100% tax deduction is allowed for donation to a political party registered under section 29A of the Representation of the People Act, 1951 u/s 80GGC. The maximum exemption you can claim is limited to 10% of your gross annual income

13. House Rent in case HRA is not part of Salary (Section 80GG)

In case, you do not receive HRA (House Rent Allowance) as a salary component, you can still claim house rent deduction u/s 80GG. Tax Payer may be either a salaried/pensioner or self-employed.

To avail this you need to satisfy the following conditions:

  1. The rent paid should be more than10% of the income
  2. No one in the family including spouse, minor children or self should own a house in the city you are living in. If you own a house in a different city, you have to consider rental income on the same

The House Rent deduction is lower of the 3 numbers:

  1. Rs. 5,000 per month [changed from Rs 2,000 to Rs 5,000 in Budget 2016]
  2. 25% of annual income
  3. (Rent Paid – 10% of Annual Income)

You need to fill form no 10BA along with the tax return form

We hope it would help you in understanding, planning and saving you taxes.
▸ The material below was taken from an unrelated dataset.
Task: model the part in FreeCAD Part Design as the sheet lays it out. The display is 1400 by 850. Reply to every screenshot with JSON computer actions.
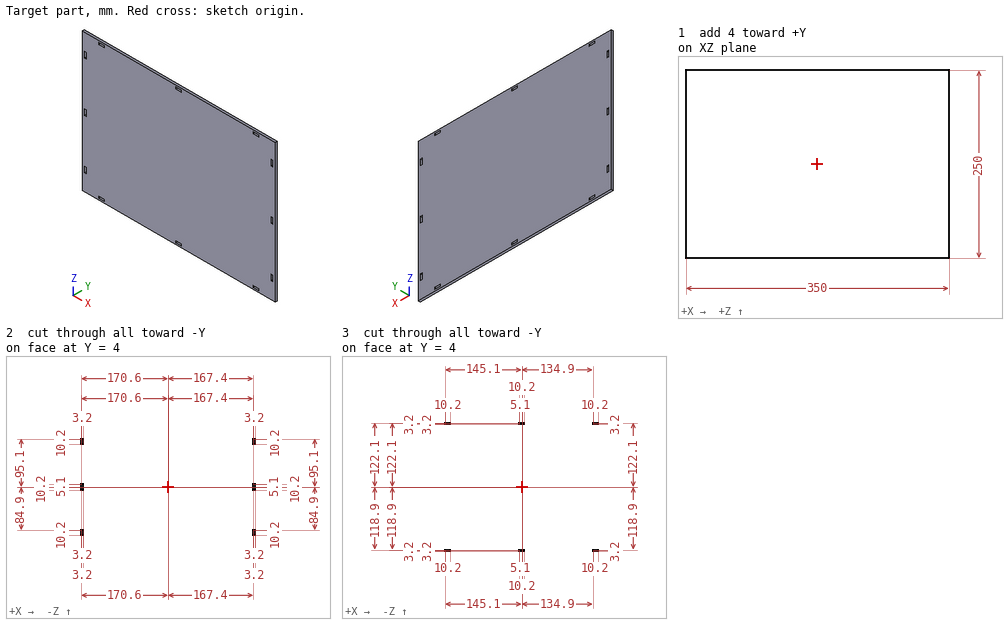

Disclaimer: Due care has been taken to draft this write-up and is intended to express the Authors understanding and to start an academic discussion on the subject discussed in above write-up. it should not be considered as professional advice. Readers are advised to refer to relevant provisions of law before applying any of the above-mentioned views. The author accepts no responsibility whatsoever and will not be liable for any losses, claims or damages which may arise because of the content of this write-up.